- ABOUT THIS EXERCISE -
All that is wanted is an exact copy of the lines below, starting at the one that contains "text Deze verordening" and running to the end.

- Saved data entries -

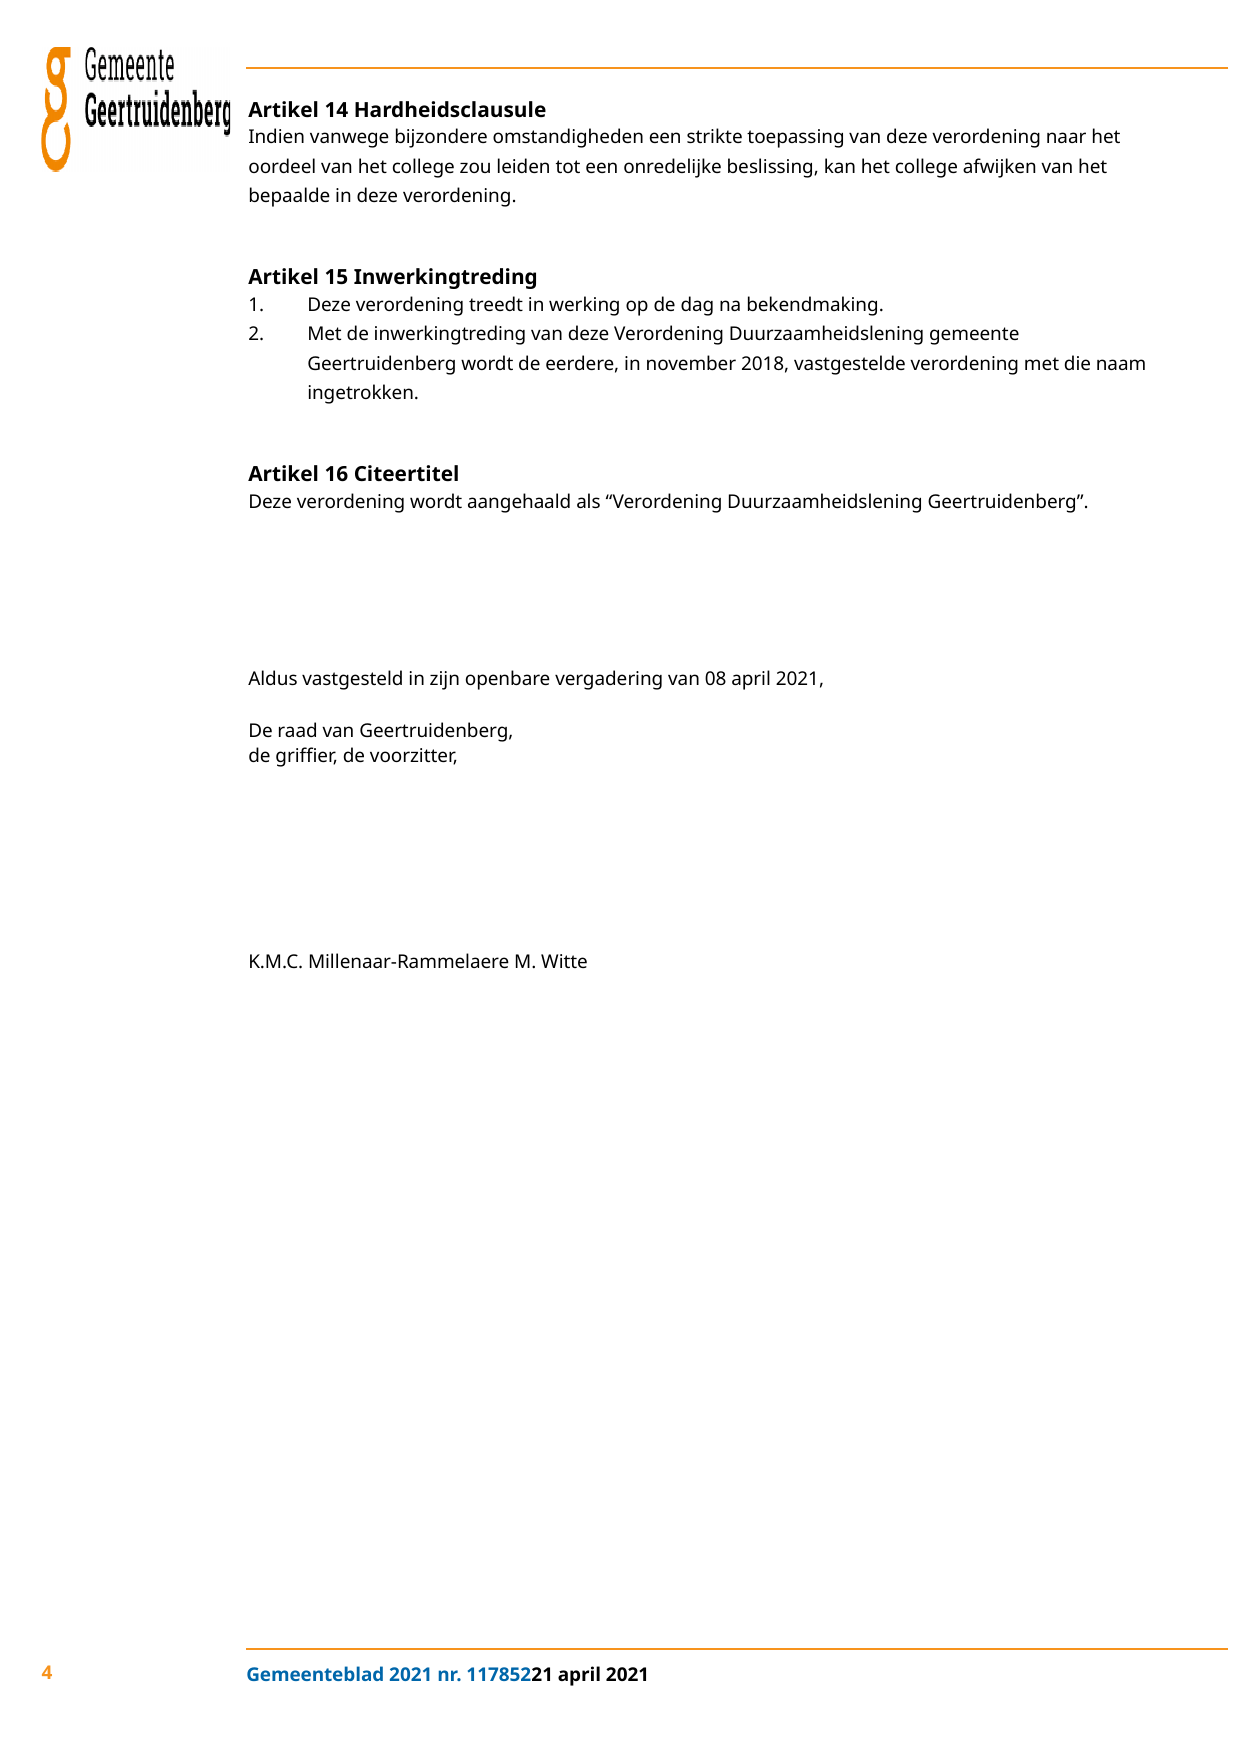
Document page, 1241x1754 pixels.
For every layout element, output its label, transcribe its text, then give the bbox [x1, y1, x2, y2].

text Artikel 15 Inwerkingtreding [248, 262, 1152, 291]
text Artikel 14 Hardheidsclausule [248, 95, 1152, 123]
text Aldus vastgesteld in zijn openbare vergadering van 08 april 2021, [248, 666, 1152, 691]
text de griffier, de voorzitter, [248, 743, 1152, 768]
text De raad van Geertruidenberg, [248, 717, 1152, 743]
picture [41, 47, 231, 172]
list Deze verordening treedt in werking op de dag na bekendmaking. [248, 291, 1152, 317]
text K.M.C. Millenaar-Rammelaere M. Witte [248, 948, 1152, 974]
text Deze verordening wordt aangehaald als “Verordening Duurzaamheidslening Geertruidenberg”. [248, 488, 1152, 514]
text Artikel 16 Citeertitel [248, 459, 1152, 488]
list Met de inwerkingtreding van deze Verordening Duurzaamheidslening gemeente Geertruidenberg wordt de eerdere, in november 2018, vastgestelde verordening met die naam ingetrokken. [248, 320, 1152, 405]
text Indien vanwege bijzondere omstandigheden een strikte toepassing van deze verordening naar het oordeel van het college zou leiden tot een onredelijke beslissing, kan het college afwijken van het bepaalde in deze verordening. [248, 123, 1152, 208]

- OUTPUT OF THE TASK -
text Deze verordening wordt aangehaald als “Verordening Duurzaamheidslening Geertruidenberg”. [248, 488, 1152, 514]
text Artikel 16 Citeertitel [248, 459, 1152, 488]
list Met de inwerkingtreding van deze Verordening Duurzaamheidslening gemeente Geertruidenberg wordt de eerdere, in november 2018, vastgestelde verordening met die naam ingetrokken. [248, 320, 1152, 405]
text Indien vanwege bijzondere omstandigheden een strikte toepassing van deze verordening naar het oordeel van het college zou leiden tot een onredelijke beslissing, kan het college afwijken van het bepaalde in deze verordening. [248, 123, 1152, 208]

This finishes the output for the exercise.